*Items from a dataset*:
BEGIN

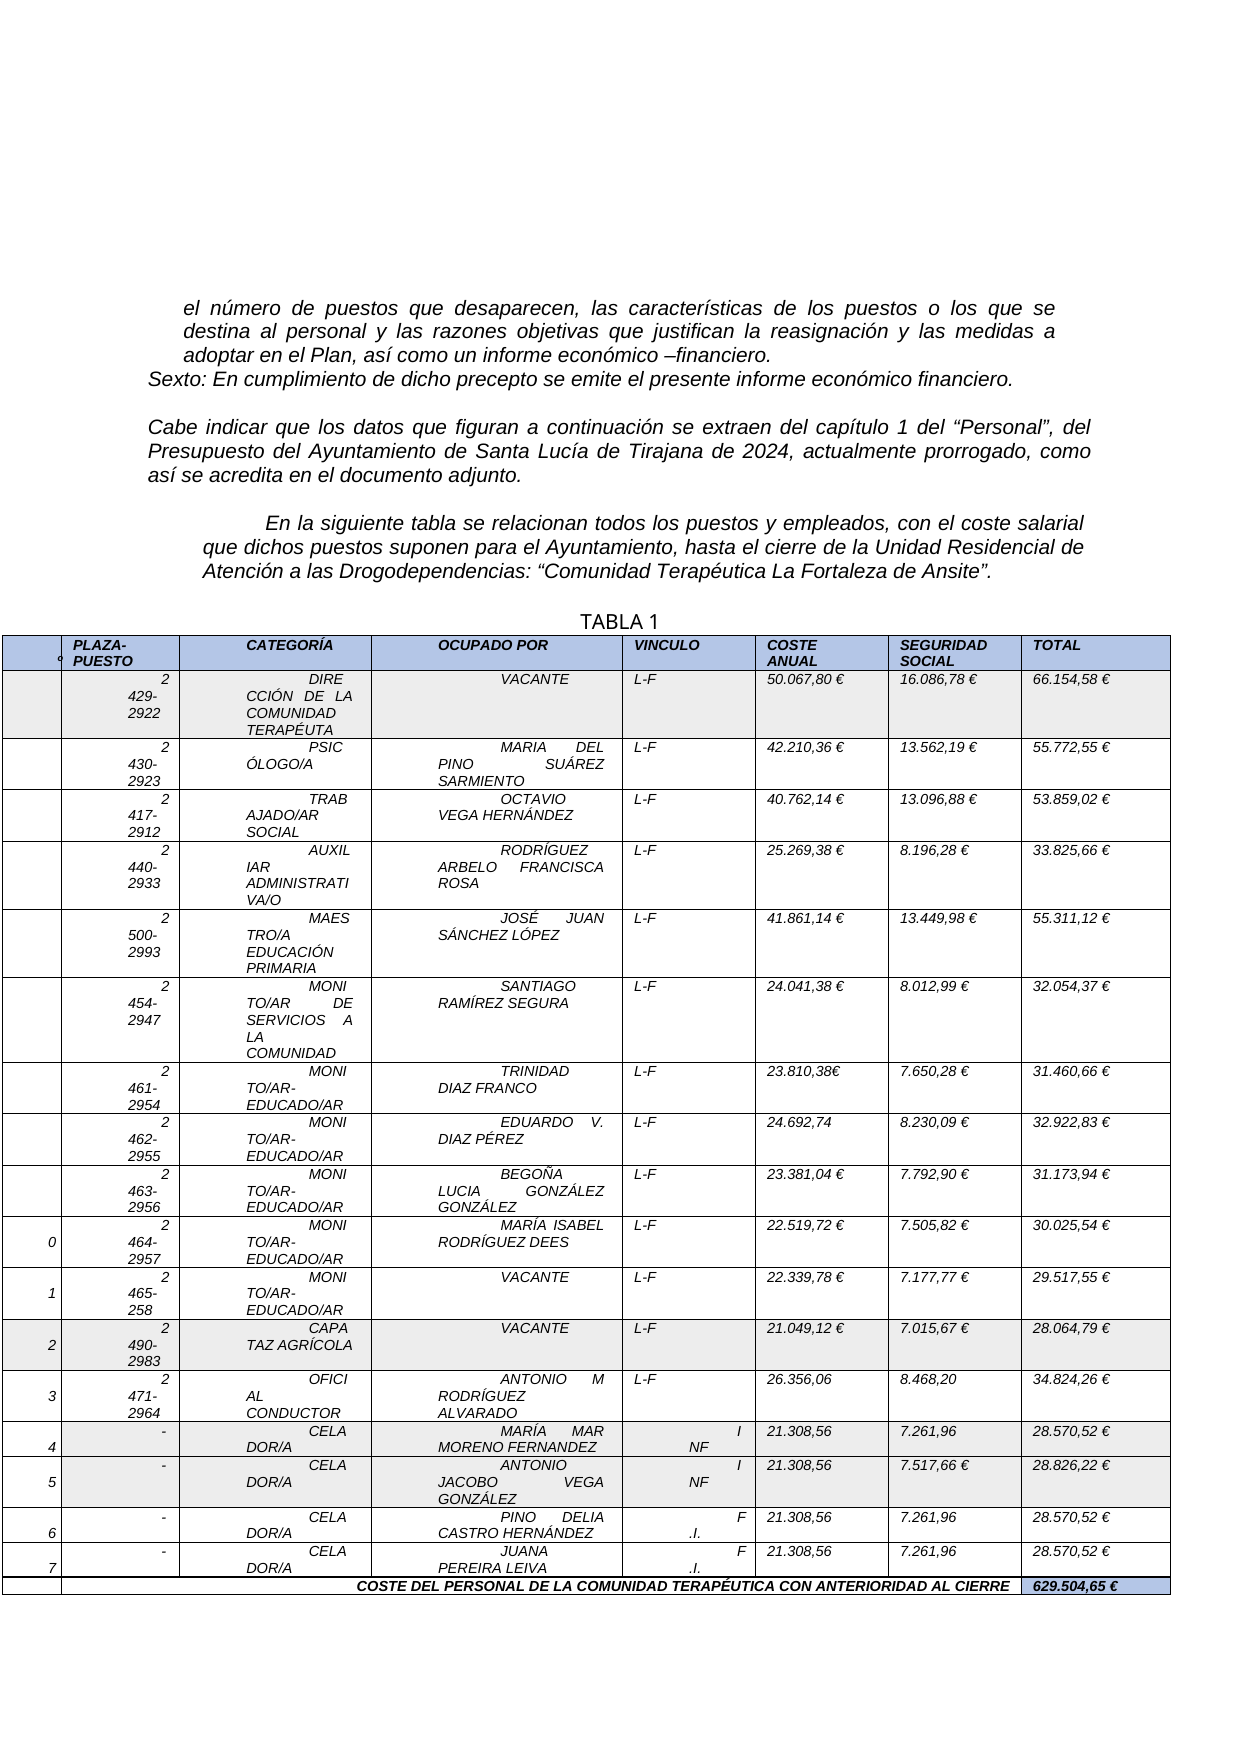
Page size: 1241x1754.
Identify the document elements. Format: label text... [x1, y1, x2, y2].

table_cell 2463-2956 [62, 1166, 179, 1216]
table_cell SANTIAGO RAMÍREZ SEGURA [372, 978, 622, 1062]
table_cell PSICÓLOGO/A [180, 739, 371, 789]
table_cell MONITO/AR DE SERVICIOS A LA COMUNIDAD [180, 978, 371, 1062]
table_cell 55.772,55 € [1022, 739, 1170, 789]
table_cell 7.261,96 [889, 1508, 1021, 1542]
table_cell PINO DELIA CASTRO HERNÁNDEZ [372, 1508, 622, 1542]
table_cell 7.015,67 € [889, 1320, 1021, 1370]
table_cell 55.311,12 € [1022, 910, 1170, 977]
table_cell MONITO/AR-EDUCADO/AR [180, 1268, 371, 1318]
table_cell F.I. [623, 1508, 755, 1542]
table_cell 13.562,19 € [889, 739, 1021, 789]
table_cell 7.650,28 € [889, 1063, 1021, 1113]
table_cell MARÍA ISABEL RODRÍGUEZ DEES [372, 1217, 622, 1267]
table_header Nº [3, 636, 61, 670]
table_cell L-F [623, 1217, 755, 1267]
table_cell 40.762,14 € [756, 790, 888, 841]
table_cell JUANA PEREIRA LEIVA [372, 1543, 622, 1576]
table_cell 4 [3, 842, 61, 909]
table_cell L-F [623, 978, 755, 1062]
table_cell 33.825,66 € [1022, 842, 1170, 909]
table_cell - [62, 1422, 179, 1456]
table_header VINCULO [623, 636, 755, 670]
table_cell OCTAVIO VEGA HERNÁNDEZ [372, 790, 622, 841]
table_cell 26.356,06 [756, 1371, 888, 1421]
table_cell 25.269,38 € [756, 842, 888, 909]
table_cell 8.230,09 € [889, 1114, 1021, 1164]
table_header COSTE ANUAL [756, 636, 888, 670]
text Cabe indicar que los datos que figuran a continuación se extraen del capítulo 1 del “Personal”, del Presupuesto del Ayuntamiento de Santa Lucía de Tirajana de 2024, actualmente prorrogado, como así se acredita en el documento adjunto. [148, 415, 1092, 487]
table_cell CELADOR/A [180, 1422, 371, 1456]
table_cell 7.505,82 € [889, 1217, 1021, 1267]
table_cell 14 [3, 1422, 61, 1456]
table_cell L-F [623, 1063, 755, 1113]
table_cell 2462-2955 [62, 1114, 179, 1164]
table_cell [3, 1578, 61, 1594]
table_cell 28.570,52 € [1022, 1422, 1170, 1456]
table_cell 2440-2933 [62, 842, 179, 909]
table_cell DIRECCIÓN DE LA COMUNIDAD TERAPÉUTA [180, 671, 371, 738]
table_cell 13.449,98 € [889, 910, 1021, 977]
table_cell 28.826,22 € [1022, 1457, 1170, 1507]
table_cell 32.922,83 € [1022, 1114, 1170, 1164]
table_cell CELADOR/A [180, 1543, 371, 1576]
table_cell MONITO/AR-EDUCADO/AR [180, 1063, 371, 1113]
table_cell AUXILIAR ADMINISTRATIVA/O [180, 842, 371, 909]
table_header CATEGORÍA [180, 636, 371, 670]
table_cell VACANTE [372, 1320, 622, 1370]
table_cell 2454-2947 [62, 978, 179, 1062]
table_cell L-F [623, 842, 755, 909]
table_cell 21.308,56 [756, 1543, 888, 1576]
table_cell 24.041,38 € [756, 978, 888, 1062]
table_cell 28.570,52 € [1022, 1543, 1170, 1576]
table_header TOTAL [1022, 636, 1170, 670]
table_cell 629.504,65 € [1022, 1578, 1170, 1594]
table_cell 2461-2954 [62, 1063, 179, 1113]
table_cell 13 [3, 1371, 61, 1421]
table_cell MONITO/AR-EDUCADO/AR [180, 1114, 371, 1164]
table_cell 7.261,96 [889, 1422, 1021, 1456]
table_cell 29.517,55 € [1022, 1268, 1170, 1318]
table_cell TRABAJADO/AR SOCIAL [180, 790, 371, 841]
table_header OCUPADO POR [372, 636, 622, 670]
text Sexto: En cumplimiento de dicho precepto se emite el presente informe económico financiero. [148, 367, 1092, 391]
table_cell 17 [3, 1543, 61, 1576]
table_cell MONITO/AR-EDUCADO/AR [180, 1217, 371, 1267]
table_cell 7 [3, 1063, 61, 1113]
table_cell - [62, 1508, 179, 1542]
table_cell MARIA DEL PINO SUÁREZ SARMIENTO [372, 739, 622, 789]
table_cell 28.064,79 € [1022, 1320, 1170, 1370]
table_cell 2465-258 [62, 1268, 179, 1318]
table_cell 24.692,74 [756, 1114, 888, 1164]
table_cell 1 [3, 671, 61, 738]
table_header SEGURIDAD SOCIAL [889, 636, 1021, 670]
table_cell 32.054,37 € [1022, 978, 1170, 1062]
table_cell L-F [623, 790, 755, 841]
table_cell F.I. [623, 1543, 755, 1576]
table_cell 22.519,72 € [756, 1217, 888, 1267]
table_cell L-F [623, 910, 755, 977]
text En la siguiente tabla se relacionan todos los puestos y empleados, con el coste salarial que dichos puestos suponen para el Ayuntamiento, hasta el cierre de la Unidad Residencial de Atención a las Drogodependencias: “Comunidad Terapéutica La Fortaleza de Ansite”. [203, 511, 1085, 583]
table_cell 28.570,52 € [1022, 1508, 1170, 1542]
table_cell TRINIDAD DIAZ FRANCO [372, 1063, 622, 1113]
table_cell 6 [3, 978, 61, 1062]
table_cell INF [623, 1457, 755, 1507]
table_cell RODRÍGUEZ ARBELO FRANCISCA ROSA [372, 842, 622, 909]
table_cell 7.792,90 € [889, 1166, 1021, 1216]
table_cell 8.012,99 € [889, 978, 1021, 1062]
table_cell 2417-2912 [62, 790, 179, 841]
table_cell ANTONIO JACOBO VEGA GONZÁLEZ [372, 1457, 622, 1507]
table_cell 23.810,38€ [756, 1063, 888, 1113]
table_cell 15 [3, 1457, 61, 1507]
table_cell L-F [623, 671, 755, 738]
table_cell 5 [3, 910, 61, 977]
table_cell BEGOÑA LUCIA GONZÁLEZ GONZÁLEZ [372, 1166, 622, 1216]
table_cell MARÍA MAR MORENO FERNANDEZ [372, 1422, 622, 1456]
table_cell L-F [623, 739, 755, 789]
table_header PLAZA-PUESTO [62, 636, 179, 670]
table_cell - [62, 1543, 179, 1576]
table_cell 10 [3, 1217, 61, 1267]
table_cell 21.308,56 [756, 1422, 888, 1456]
table_cell OFICIAL CONDUCTOR [180, 1371, 371, 1421]
table_cell 34.824,26 € [1022, 1371, 1170, 1421]
table_cell 2430-2923 [62, 739, 179, 789]
table_cell 42.210,36 € [756, 739, 888, 789]
table_cell EDUARDO V. DIAZ PÉREZ [372, 1114, 622, 1164]
table_cell 2471-2964 [62, 1371, 179, 1421]
table_cell 3 [3, 790, 61, 841]
table_cell 66.154,58 € [1022, 671, 1170, 738]
table_cell 31.460,66 € [1022, 1063, 1170, 1113]
table_cell 7.517,66 € [889, 1457, 1021, 1507]
table_cell L-F [623, 1114, 755, 1164]
table_cell 30.025,54 € [1022, 1217, 1170, 1267]
table_cell L-F [623, 1268, 755, 1318]
table_cell 53.859,02 € [1022, 790, 1170, 841]
table_cell 2490-2983 [62, 1320, 179, 1370]
table_cell VACANTE [372, 671, 622, 738]
table_cell COSTE DEL PERSONAL DE LA COMUNIDAD TERAPÉUTICA CON ANTERIORIDAD AL CIERRE [62, 1578, 1021, 1594]
table_cell 21.308,56 [756, 1508, 888, 1542]
table_cell L-F [623, 1166, 755, 1216]
table_cell 23.381,04 € [756, 1166, 888, 1216]
table_cell MAESTRO/A EDUCACIÓN PRIMARIA [180, 910, 371, 977]
text TABLA 1 [148, 607, 1092, 635]
table_cell 7.177,77 € [889, 1268, 1021, 1318]
table_cell - [62, 1457, 179, 1507]
table_cell 16.086,78 € [889, 671, 1021, 738]
table_cell MONITO/AR-EDUCADO/AR [180, 1166, 371, 1216]
table_cell 9 [3, 1166, 61, 1216]
table_cell 8.196,28 € [889, 842, 1021, 909]
table_cell CELADOR/A [180, 1508, 371, 1542]
table_cell L-F [623, 1320, 755, 1370]
table_cell 7.261,96 [889, 1543, 1021, 1576]
table_cell L-F [623, 1371, 755, 1421]
table_cell 2464-2957 [62, 1217, 179, 1267]
table_cell CAPATAZ AGRÍCOLA [180, 1320, 371, 1370]
table_cell 8 [3, 1114, 61, 1164]
table_cell CELADOR/A [180, 1457, 371, 1507]
table_cell VACANTE [372, 1268, 622, 1318]
table_cell 8.468,20 [889, 1371, 1021, 1421]
table_cell 13.096,88 € [889, 790, 1021, 841]
table_cell 22.339,78 € [756, 1268, 888, 1318]
table_cell 2429-2922 [62, 671, 179, 738]
table_cell JOSÉ JUAN SÁNCHEZ LÓPEZ [372, 910, 622, 977]
table_cell 11 [3, 1268, 61, 1318]
table_cell 41.861,14 € [756, 910, 888, 977]
table_cell 2 [3, 739, 61, 789]
table_cell 12 [3, 1320, 61, 1370]
table_cell 50.067,80 € [756, 671, 888, 738]
text el número de puestos que desaparecen, las características de los puestos o los que se destina al personal y las razones objetivas que justifican la reasignación y las medidas a adoptar en el Plan, así como un informe económico –financiero. [183, 295, 1057, 367]
table_cell 21.049,12 € [756, 1320, 888, 1370]
table_cell 31.173,94 € [1022, 1166, 1170, 1216]
table_cell 21.308,56 [756, 1457, 888, 1507]
table_cell 2500-2993 [62, 910, 179, 977]
table_cell INF [623, 1422, 755, 1456]
table_cell 16 [3, 1508, 61, 1542]
table_cell ANTONIO M RODRÍGUEZ ALVARADO [372, 1371, 622, 1421]

END

*PROBLEM REQUIREMENTS*:
May I have only the lines from the start of the data through the line containing "text Cabe indicar", both included, reproduced exactly and without the pictures?

*SOLUTION BELOW*:
Page size: 1241x1754.
Identify the document elements. Format: label text... [x1, y1, x2, y2].

table_cell 2463-2956 [62, 1166, 179, 1216]
table_cell SANTIAGO RAMÍREZ SEGURA [372, 978, 622, 1062]
table_cell PSICÓLOGO/A [180, 739, 371, 789]
table_cell MONITO/AR DE SERVICIOS A LA COMUNIDAD [180, 978, 371, 1062]
table_cell 55.772,55 € [1022, 739, 1170, 789]
table_cell 7.261,96 [889, 1508, 1021, 1542]
table_cell PINO DELIA CASTRO HERNÁNDEZ [372, 1508, 622, 1542]
table_cell 7.015,67 € [889, 1320, 1021, 1370]
table_cell 55.311,12 € [1022, 910, 1170, 977]
table_cell MONITO/AR-EDUCADO/AR [180, 1268, 371, 1318]
table_cell F.I. [623, 1508, 755, 1542]
table_cell 13.562,19 € [889, 739, 1021, 789]
table_cell 7.650,28 € [889, 1063, 1021, 1113]
table_cell MARÍA ISABEL RODRÍGUEZ DEES [372, 1217, 622, 1267]
table_header Nº [3, 636, 61, 670]
table_cell L-F [623, 1217, 755, 1267]
table_cell 40.762,14 € [756, 790, 888, 841]
table_cell JUANA PEREIRA LEIVA [372, 1543, 622, 1576]
table_cell 4 [3, 842, 61, 909]
table_cell L-F [623, 978, 755, 1062]
table_cell 33.825,66 € [1022, 842, 1170, 909]
table_cell - [62, 1422, 179, 1456]
table_header VINCULO [623, 636, 755, 670]
table_cell OCTAVIO VEGA HERNÁNDEZ [372, 790, 622, 841]
table_cell 26.356,06 [756, 1371, 888, 1421]
table_cell 25.269,38 € [756, 842, 888, 909]
table_cell 8.230,09 € [889, 1114, 1021, 1164]
table_header COSTE ANUAL [756, 636, 888, 670]
text Cabe indicar que los datos que figuran a continuación se extraen del capítulo 1 del “Personal”, del Presupuesto del Ayuntamiento de Santa Lucía de Tirajana de 2024, actualmente prorrogado, como así se acredita en el documento adjunto. [148, 415, 1092, 487]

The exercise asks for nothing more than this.